You have decreased mental arousal. Normal sleep. Streamlined thinking. Emotional responsiveness will increase. The state of anxiety and fear will disappear or decrease significantly. Increase concentration. Hallucinations and delirium will disappear or the duration and intensity of their attacks will be reduced. Reduced risk of relapse. Efficiency of the taken medicines will increase.
Powerful and effective treatment with the device Neuroditor will quickly eliminate the clinical manifestations of the disease, localize the nidus of the onset of pathologies, and reduce the dose of drugs. This will allow you to live a full life and forget about your illness forever. You will restore your lost ability to work and socialize and return to a lifestyle that led to the first signs of illness.
There are general prerequisites underlying depressions, both related to a stressful situation and developing for no apparent reason. In the science of the “soul of man,” particularities of thinking and typical personality traits are known, contributing to the emergence of depressive ideas and their fixation in thinking.
Scientists have noticed that the majority of patients with depression before the illness had marked personal anxiety. Such people are sensitive in their relations with others, they subtly notice non-acceptance, rejection, are jealous of the attention of their loved ones. Since childhood, they may be timid and worry more in meaningful situations than their peers (for example, the answer at the blackboard at school, during exams). The experience of failures or grievances such individuals long stored in the memory.
With such a particular way of thinking, it is called ruminative, – thoughts about an unpleasant event spin in the head and the person longer than normal is fixed on what has been experienced.
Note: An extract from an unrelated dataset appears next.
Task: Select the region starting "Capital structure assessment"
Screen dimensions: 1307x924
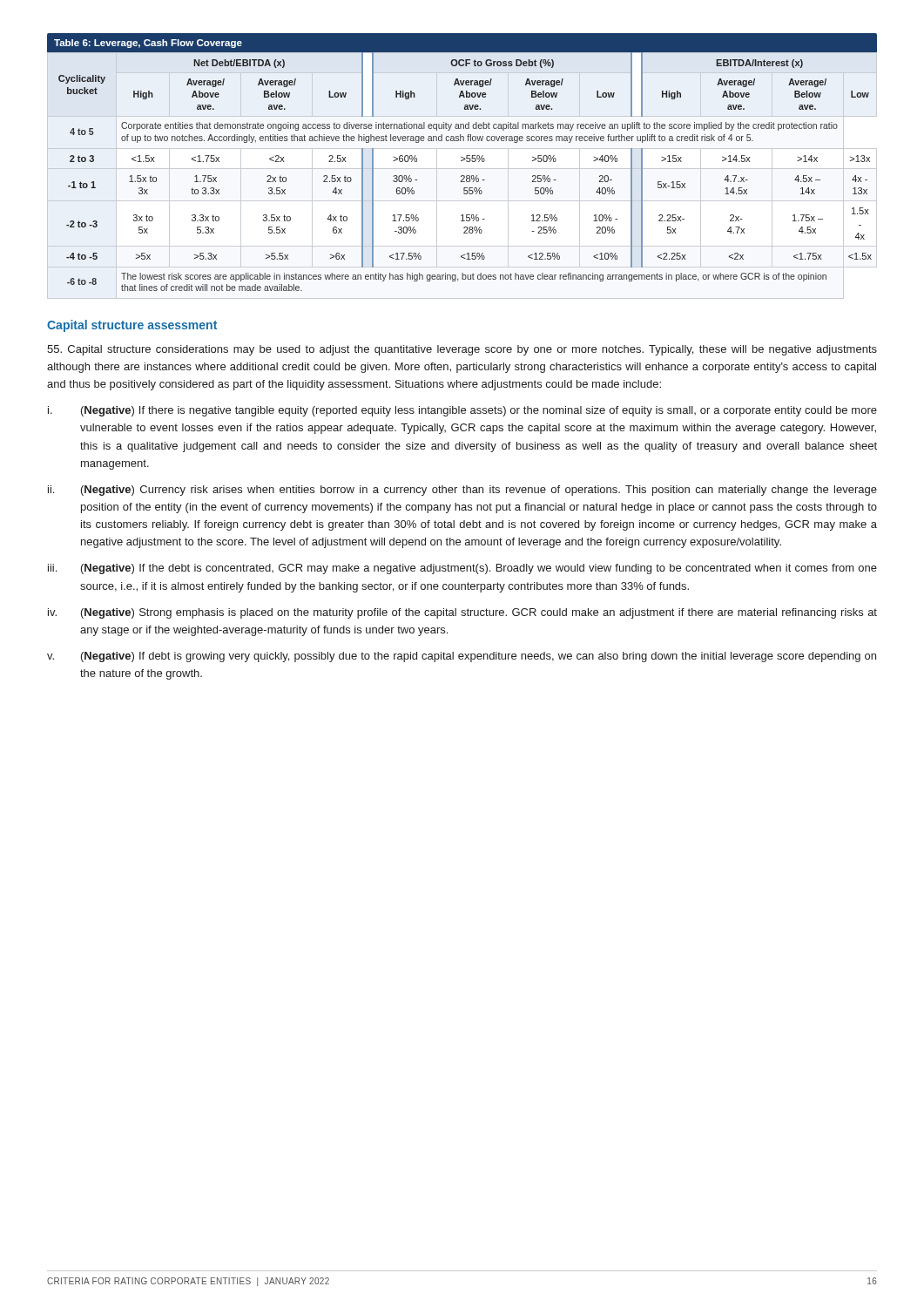Action: coord(132,325)

The big fixation on the negative leads such people to the fact that they are trying to protect themselves and, as a rule, plan their day ahead. Where they go, what and how they will say or do – everything is repeatedly scrolled in the head and fixed in the “correct” order. Often they pre-write the to-do list and try to follow it clearly.
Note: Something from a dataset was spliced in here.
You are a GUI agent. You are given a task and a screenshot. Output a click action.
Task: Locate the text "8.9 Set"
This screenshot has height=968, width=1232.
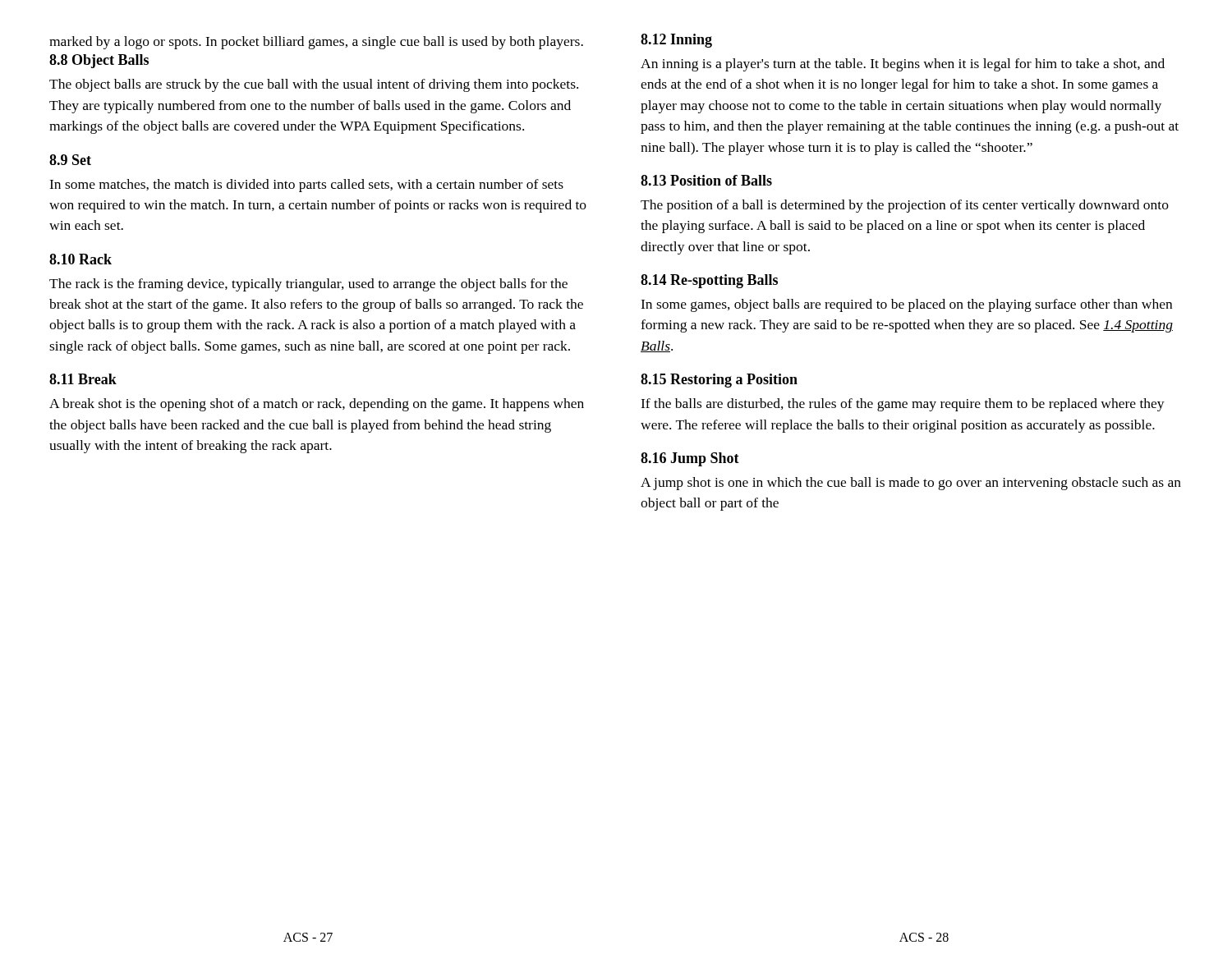coord(70,160)

Avoiding all sorts of dangers contributes to the formation of a limited view of yourself and people (thinking “as if that didn’t work out”) hinders healthy learning, when a person is normal, getting into certain life situations, gets experience and knowledge, allows herself to develop further. Of course, this increases the risk of developing depression, when such a person finds himself in a situation to which he is not fundamentally ready.
Hence another characteristic feature – a special rigidity of thinking, which causes difficulties of unexpected switching from one business to another, because the latter is not included in the “plans”, is unfamiliar and alarming. This, incidentally, is associated with irritability over trifles, well known to the close circle of people with a similar character. Hot temper, grumbling is a direct continuation of anxiety.
With the ruminative thinking, the thoughts of an unpleasant event are steadily spinning in the head and the person lasts longer than normal, is fixed on the experience.
Another typical personality trait that increases the risk of developing depression is perfectionism. Of course, the desire to ensure that everything is done as well as possible, demanding of oneself in everyday life (cleanliness and order at home) and / or in deeds (careful fulfillment of one’s duties) is welcomed in our society and is considered a good trait of a family or exemplary worker. Scientists distinguish two forms of perfectionism: constructive and destructive. The difference between them is that in the second case people cannot accept the so-called “intermediate result”, they try so hard that they torture themselves and work hard. In addition to this, there is another feature – the crowding out (forgetting) of one’s own successes, dissatisfaction even with a perfectly accomplished deed. Such an attitude towards oneself, towards one’s work already in depressive states is transformed into a feeling of guilt, a reproach to one’s address, a feeling of hopelessness.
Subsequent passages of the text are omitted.